Michel Barnier in London

Reuters

Ahead of in-person negotiations resuming on Saturday, Mr Barnier said the “same significant divergences persist” between the two sides.

Negotiators had continued via video-link for the past week or so, after the positive Covid-19 test in a member of the EU negotiating team.

Alongside fishing, the Frenchman has for a while said post-Brexit competition rules and how any deal would be enforced remain the most difficult areas.

The two sides are continuing to haggle over how much access European fishing boats should have to British waters, and how much they would be allowed to catch from next year.

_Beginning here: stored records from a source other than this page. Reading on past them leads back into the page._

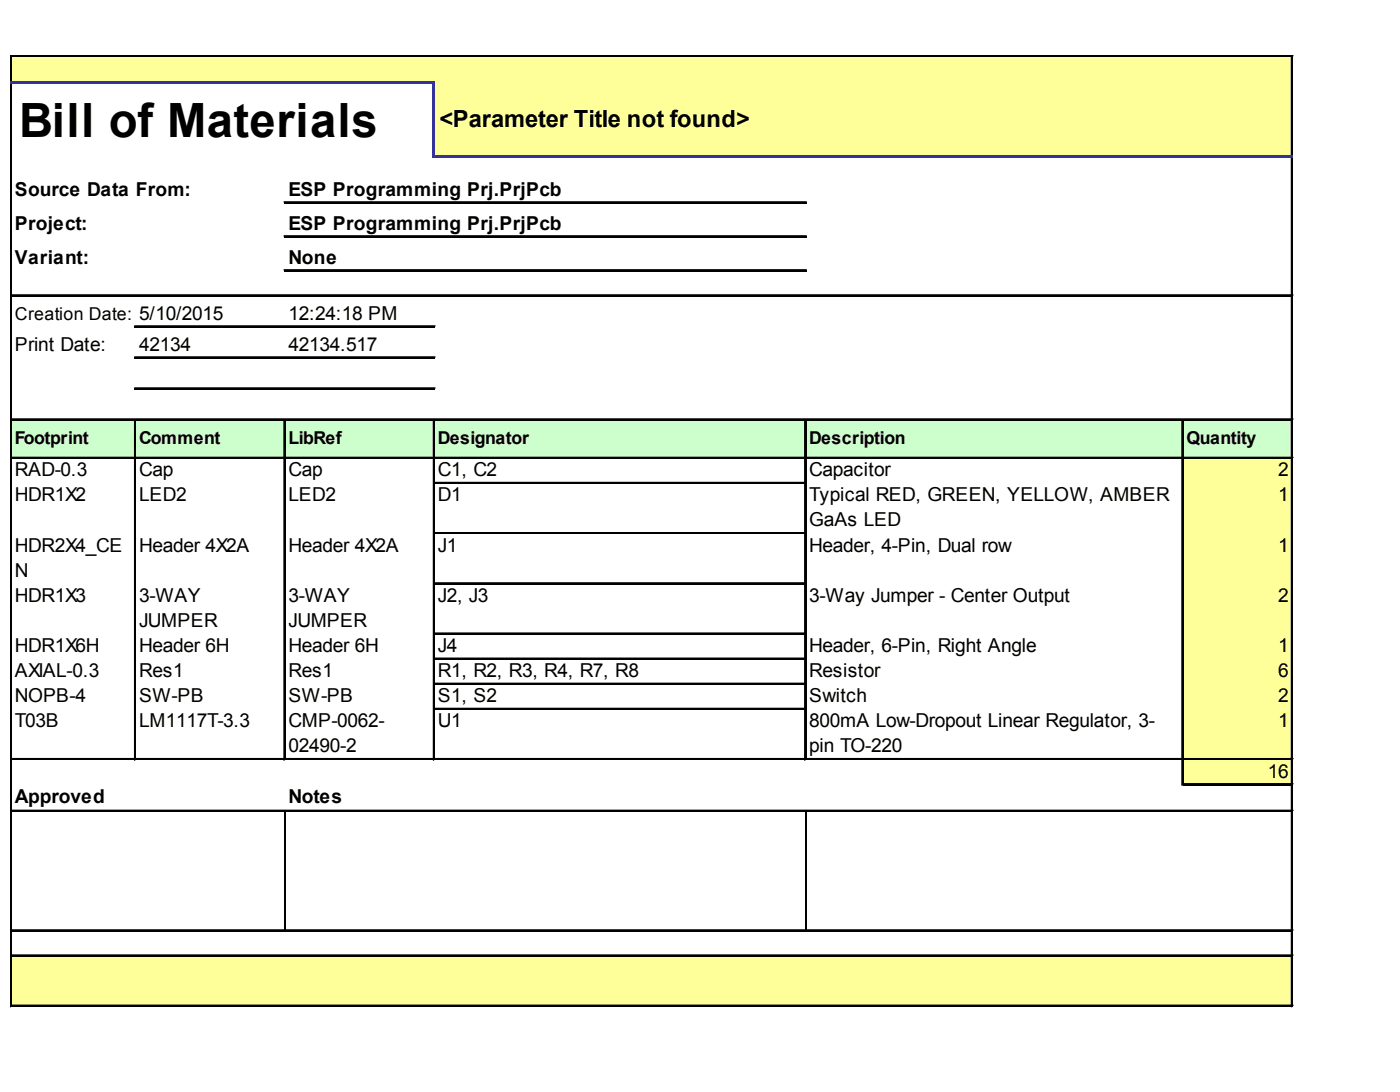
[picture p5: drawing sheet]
<svg xmlns="http://www.w3.org/2000/svg" width="258mm" height="201mm" viewBox="0 0 258 201" stroke-linecap="round" stroke-linejoin="round" font-family="sans-serif">
<defs><g id="words">
<text font-size="8.7" x="3.6" y="25.2">Bill of Materials</text>
<text font-size="4.4" x="80.9" y="23.4">&lt;Parameter Title not found&gt;</text>
<g font-size="3.5">
<text x="2.7" y="36">Source Data From:</text>
<text x="53.1" y="36">ESP Programming Prj.PrjPcb</text>
<text x="2.7" y="42.3">Project:</text>
<text x="53.1" y="42.3">ESP Programming Prj.PrjPcb</text>
<text x="2.7" y="48.5">Variant:</text>
<text x="53.1" y="48.5">None</text>
<text x="53.1" y="58.9">12:24:18 PM</text>
<text x="2.7" y="64.6">Print Date:</text>
<text x="25.6" y="64.6">42134</text>
<text x="53.1" y="64.6">42134.517</text>
<text x="2.7" y="87.7">RAD-0.3</text>
<text x="25.6" y="87.7">Cap</text>
<text x="53.1" y="87.7">Cap</text>
<text x="80.7" y="87.7">C1, C2</text>
<text x="149.1" y="87.7">Capacitor</text>
<text x="235.4" y="87.7">2</text>
<text x="2.7" y="92.3">HDR1X2</text>
<text x="25.6" y="92.3">LED2</text>
<text x="53.1" y="92.3">LED2</text>
<text x="80.7" y="92.3">D1</text>
<text x="149.1" y="92.3">Typical RED, GREEN, YELLOW, AMBER</text>
<text x="235.4" y="92.3">1</text>
<text x="2.7" y="101.6">HDR2X4_CE</text>
<text x="25.6" y="101.6">Header 4X2A</text>
<text x="53.1" y="101.6">Header 4X2A</text>
<text x="80.7" y="101.6">J1</text>
<text x="149.1" y="96.9">GaAs LED</text>
<text x="149.1" y="101.6">Header, 4-Pin, Dual row</text>
<text x="235.4" y="101.6">1</text>
<text x="2.7" y="106.2">N</text>
<text x="2.7" y="110.8">HDR1X3</text>
<text x="25.6" y="110.8">3-WAY</text>
<text x="53.1" y="110.8">3-WAY</text>
<text x="80.7" y="110.8">J2, J3</text>
<text x="149.1" y="110.8">3-Way Jumper - Center Output</text>
<text x="235.4" y="110.8">2</text>
<text x="25.6" y="115.4">JUMPER</text>
<text x="53.1" y="115.4">JUMPER</text>
<text x="2.7" y="120.1">HDR1X6H</text>
<text x="2.7" y="124.7">AXIAL-0.3</text>
<text x="25.6" y="120.1">Header 6H</text>
<text x="25.6" y="124.7">Res1</text>
<text x="53.1" y="120.1">Header 6H</text>
<text x="53.1" y="124.7">Res1</text>
<text x="80.7" y="120.1">J4</text>
<text x="80.7" y="124.7">R1, R2, R3, R4, R7, R8</text>
<text x="149.1" y="120.1">Header, 6-Pin, Right Angle</text>
<text x="149.1" y="124.7">Resistor</text>
<text x="235.4" y="120.1">1</text>
<text x="235.4" y="124.7">6</text>
<text x="2.7" y="129.3">NOPB-4</text>
<text x="25.6" y="129.3">SW-PB</text>
<text x="53.1" y="129.3">SW-PB</text>
<text x="80.7" y="129.3">S1, S2</text>
<text x="149.1" y="129.3">Switch</text>
<text x="235.4" y="129.3">2</text>
<text x="2.7" y="133.9">T03B</text>
<text x="25.6" y="133.9">LM1117T-3.3</text>
<text x="53.1" y="133.9">CMP-0062-</text>
<text x="80.7" y="133.9">U1</text>
<text x="149.1" y="133.9">800mA Low-Dropout Linear Regulator, 3-</text>
<text x="235.4" y="133.9">1</text>
<text x="53.1" y="138.6">02490-2</text>
<text x="149.1" y="138.6">pin TO-220</text>
<text x="233.5" y="143.2">16</text>
<text x="2.7" y="147.8">Approved</text>
<text x="53.1" y="147.8">Notes</text>
</g>
<g font-size="3.3">
<text x="2.7" y="58.9">Creation Date: 5/10/2015</text>
<text x="2.7" y="81.7">Footprint</text>
<text x="25.6" y="81.7">Comment</text>
<text x="53.1" y="81.7">LibRef</text>
<text x="80.7" y="81.7">Designator</text>
<text x="149.1" y="81.7">Description</text>
<text x="218.5" y="81.7">Quantity</text>
</g>
</g></defs>
<g fill="#ff9">
<path d="M2.1 10.5h236.1v4.9h-236.1z"/>
<path d="M79.9 15.2h158.3v13.8h-158.3z"/>
</g>
<path d="M2.1 77.2h236.1v7.3h-236.1z" fill="#cfc"/>
<g fill="#ff9">
<path d="M217.7 84.2h20.5v4.9h-20.5z"/>
<path d="M217.7 88.9h20.5v9.5h-20.5z"/>
<path d="M217.7 98.1h20.5v9.5h-20.5z"/>
<path d="M217.7 107.3h20.5v9.6h-20.5z"/>
<path d="M217.7 116.6h20.5v4.9h-20.5z"/>
<path d="M217.7 121.2h20.5v4.9h-20.5z"/>
<path d="M217.7 125.8h20.5v4.9h-20.5z"/>
<path d="M217.7 130.5h20.5v9.5h-20.5z"/>
<path d="M217.7 139.7h20.5v4.9h-20.5z"/>
<path d="M2.1 175.9h236.1v9.5h-236.1z"/>
</g>
<path d="M1.9 10.3v4.6M2.1 10.3v4.6M237.9 10.5v18M238 10.5v18" fill="none" stroke="#000" stroke-width=".27"/>
<path d="M79.6 15.4h.5v13.6h-.5z" fill="#339"/>
<g fill="none" stroke="#000" stroke-width=".27">
<path d="M1.9 15.4v170M2.1 15.4v170M2.2 10.3h236M2.2 10.4h236M237.9 29v156.4M238 29v156.4M24.8 77.4v62.6M24.9 77.4v62.6M52.3 77.4v62.6M52.5 77.4v62.6M79.9 77.4v62.6M80 77.4v62.6"/>
<path d="M148.2 77.4v62.6M148.4 77.4v62.6M217.7 77.4v67.2M217.9 77.4v67.2M52.5 149.5v21.8M148.4 149.5v21.8"/>
</g>
<g fill="#339">
<path d="M1.9 14.9h78.2v.5h-78.2z"/>
<path d="M80.1 28.5h158.1v.5h-158.1z"/>
</g>
<g fill="none" stroke="#000" stroke-width=".27">
<path d="M52.3 37.2h96.2M52.3 37.3h96.2M2.2 54.3h236M2.2 54.5h236M52.3 43.4h96.2M52.3 43.6h96.2M52.3 49.7h96.2M52.3 49.8h96.2M2.2 77.2h236M2.2 77.3h236M24.8 60h55.3M24.8 60.2h55.3"/>
<path d="M24.8 65.7h55.3M24.8 65.9h55.3M24.8 71.4h55.3M24.8 71.6h55.3M2.2 84.2h236M2.2 84.4h236M80.1 88.9h68.1M80.1 89h68.1M80.1 98.1h68.1M80.1 98.2h68.1M80.1 107.3h68.1M80.1 107.5h68.1"/>
<path d="M80.1 116.6h68.1M80.1 116.7h68.1M2.2 139.7h236M2.2 139.8h236M80.1 121.2h68.1M80.1 121.4h68.1M80.1 125.8h68.1M80.1 126h68.1M80.1 130.5h68.1M80.1 130.6h68.1M2.2 149.2h236M2.2 149.4h236"/>
<path d="M218 144.3h20.2M218 144.5h20.2M2.2 171.3h236M2.2 171.4h236M2.2 175.9h236M2.2 176h236M2.2 185.1h236M2.2 185.3h236"/>
</g>
<use href="#words"/>
</svg>

They are also at odds over how closely the UK should have to follow the EU’s social, labour, and environmental standards after the transition.

Transition deadline looms

The UK left the EU on 31 January, but it is continuing to follow the bloc’s rules until the end of the year as part of an 11-month transition period.

If a trade deal is not agreed by then, trading between the two will default to World Trade Organization rules.

The EU and UK can keep negotiating if they want to after this, but the two sides would face import taxes on goods traded between them.

The UK would have no access to the EU’s energy market, and no agreement on police and judicial co-operation.